Comment l’Utac a confondu les Volkswagen illégales

Publié le 08/02/2016

Mesure des émissions polluantes d’un Opel Zafira par l’Utac-Ceram en conditions réelles..

Le laboratoire français d’homologation a dévoilé la manière dont il s’y prend pour tester les 100 véhicules demandés par la « commission Royal ».

Plus de trois mois après le début des travaux, la manière dont la « commission Royal » teste 100 véhicules pour vérifier leurs niveaux d’émission polluantes a enfin été révélée par l’Utac-Ceram, le laboratoire d’homologation français.

Comme L’argus l’avait déjà indiqué, 3 tests ont été mis en place : D1, D2 et D3.
Le D1 consiste à effectuer un cycle d’homologation NEDC complet, mais avec quelques différences notables : utilisation d’un banc 4×4 pour une 4×2, changement dans le protocole de conditionnement du véhicule, etc.

Le D2 vise lui aussi à reproduire un cycle NEDC, mais des modifications interviennent de manière à tromper un éventuel « logiciel trompeur » sis sur les Volkswagen : le moteur est éteint en cours de cycle pendant 300 secondes, puis le cycle « extra-urbain » du NEDC est effectué dans son intégralité.

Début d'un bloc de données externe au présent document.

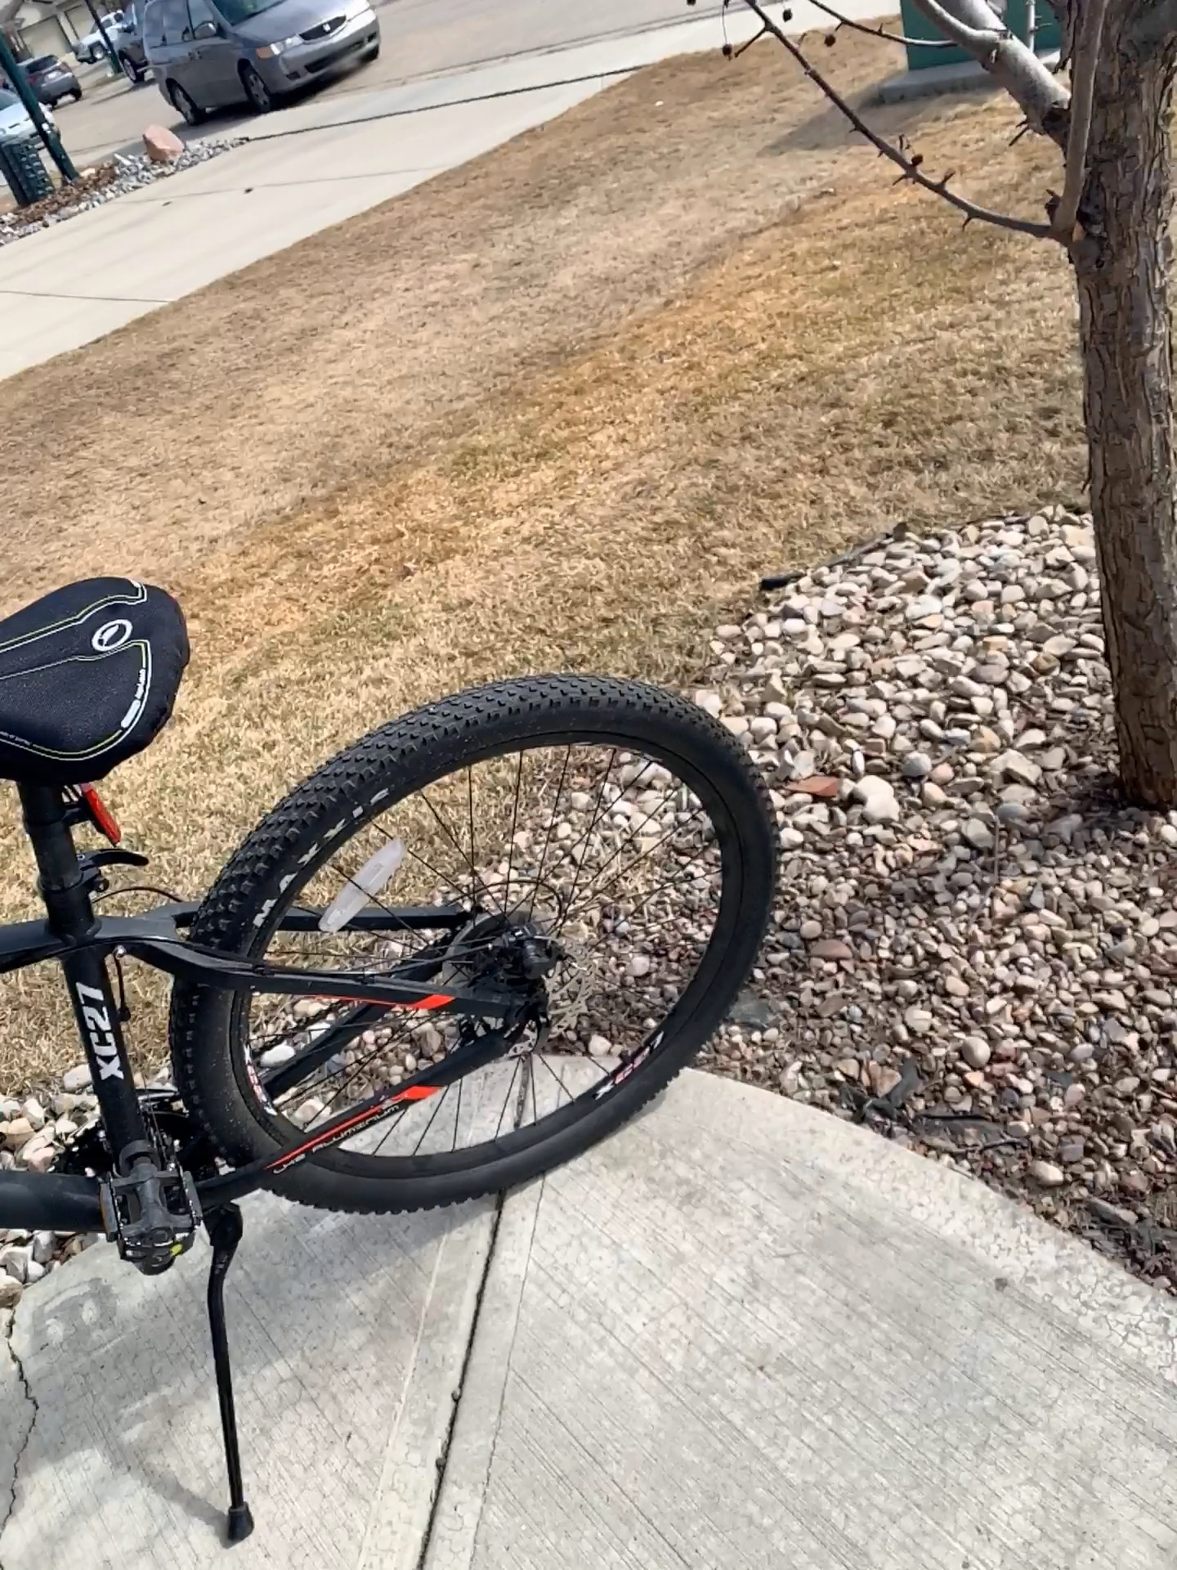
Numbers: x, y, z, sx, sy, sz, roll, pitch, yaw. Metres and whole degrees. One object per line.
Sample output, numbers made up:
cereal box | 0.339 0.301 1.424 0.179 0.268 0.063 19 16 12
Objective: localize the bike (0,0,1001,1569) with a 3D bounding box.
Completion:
bike | -0.474 0.327 0.894 1.481 1.005 0.602 -36 38 -13
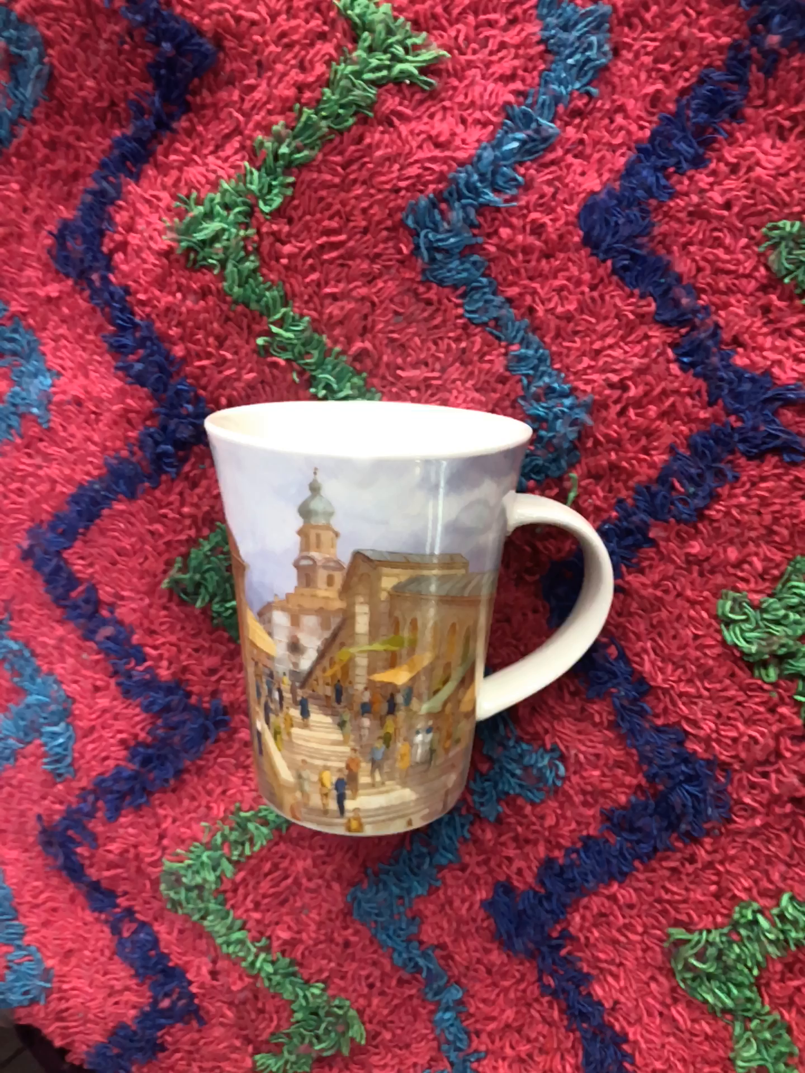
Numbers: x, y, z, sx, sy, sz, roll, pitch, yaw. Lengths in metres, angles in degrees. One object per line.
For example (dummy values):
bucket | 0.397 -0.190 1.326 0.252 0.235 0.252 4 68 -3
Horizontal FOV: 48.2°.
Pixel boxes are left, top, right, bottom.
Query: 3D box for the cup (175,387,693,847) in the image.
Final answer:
cup | -0.003 0.012 0.239 0.110 0.090 0.090 0 104 -15

La comparaison des émissions obtenues lors des cycles extra-urbains en D1 et D2 permet de vérifier si la voiture est munie d’un logiciel de minoration des émissions lorsqu’elle est en phase d’homologation :  » C’est là que l’on attendait les Volkswagen, c’est là que nous les avons trouvées » note Laurent Benoit, PDG du groupe Utac-Ceram. Les valeurs d’oxydes d’azote (Nox) se seraient en effet envolées sur les VW lors du D2…

PEMS et bon sens

Le test D3 est enfin une reproduction sur piste du cycle NEDC. Il ne vise à piéger personne en particulier, mais à observer les émissions de Nox de tous les véhicules demandés par la commission Royal à l’aide d’un système embarqué, le PEMS. C’est lors du D3 que Renault a été mis en cause pour des valeurs d’émission trop largement supérieures à celles homologuées.

Toutefois, à l’heure actuelle, il n’existe aucune valeur légale d’émission maximale de Nox lors d’une mesure en conditions réelles. Difficile donc d’indiquer que tel ou tel dépasse les seuils… L’Utac explique avoir procédé avec bon sens. Le laboratoire effectue en quelque sorte un ratio entre respect des lois de la physique et résultats observés sur les autres véhicules.

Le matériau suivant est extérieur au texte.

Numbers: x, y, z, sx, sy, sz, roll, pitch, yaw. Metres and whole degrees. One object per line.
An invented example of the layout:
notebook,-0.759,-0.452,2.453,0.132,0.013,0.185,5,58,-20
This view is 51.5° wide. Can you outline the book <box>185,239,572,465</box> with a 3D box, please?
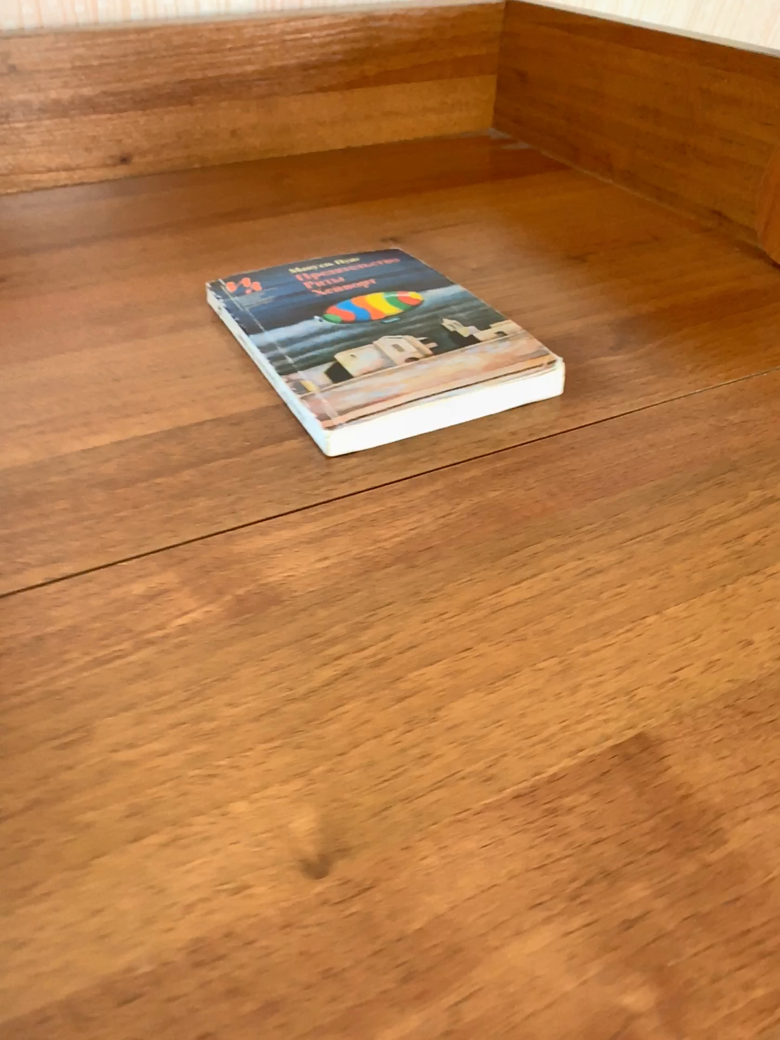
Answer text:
book,-0.013,-0.088,0.377,0.121,0.016,0.158,-17,42,-22
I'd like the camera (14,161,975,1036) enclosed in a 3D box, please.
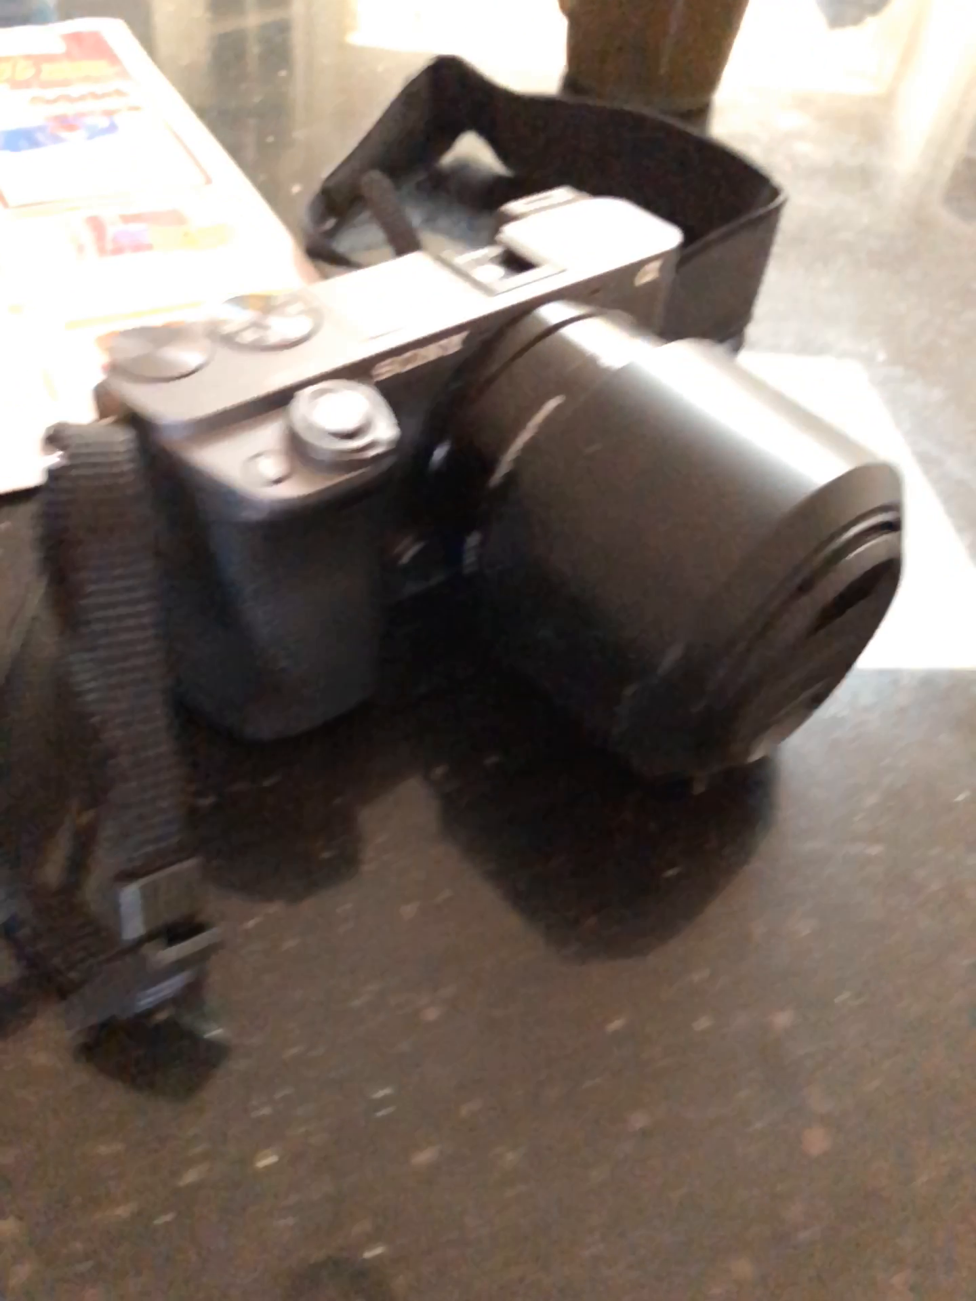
[{"bbox_3d":[0.005,-0.023,0.208,0.130,0.070,0.110,-30,59,-31],"label":"camera"}]

Concrètement, cela signifie tout d’abord qu’un moteur mis en charge 1,5 fois plus que lors de l’homologation ne devrait pas émettre 10 fois plus de Nox qu’à cette occasion. D’autre part, les résultats obtenus sur les différentes voitures sont comparés les uns avec les autres. Si un véhicule se distingue par des valeurs nettement supérieures à celles des autres, il peut y avoir lieu de demander des comptes…

Afin de ne pas être victime d’une duperie de la part d’un constructeur, les 100 véhicules à disposition de l’Utac émanent pour la grande majorité d’un loueur longue durée. D’autres ont été prélevés directement dans le parc de l’Utac : « Vu les résultats obtenus, les véhicules n’ont pas été préparés » indique encore le laboratoire, qui a déjà examiné une quarantaine d’autos à ce jour.

Les résultats seront communiqués lorsque les 100 véhicules auront été testés.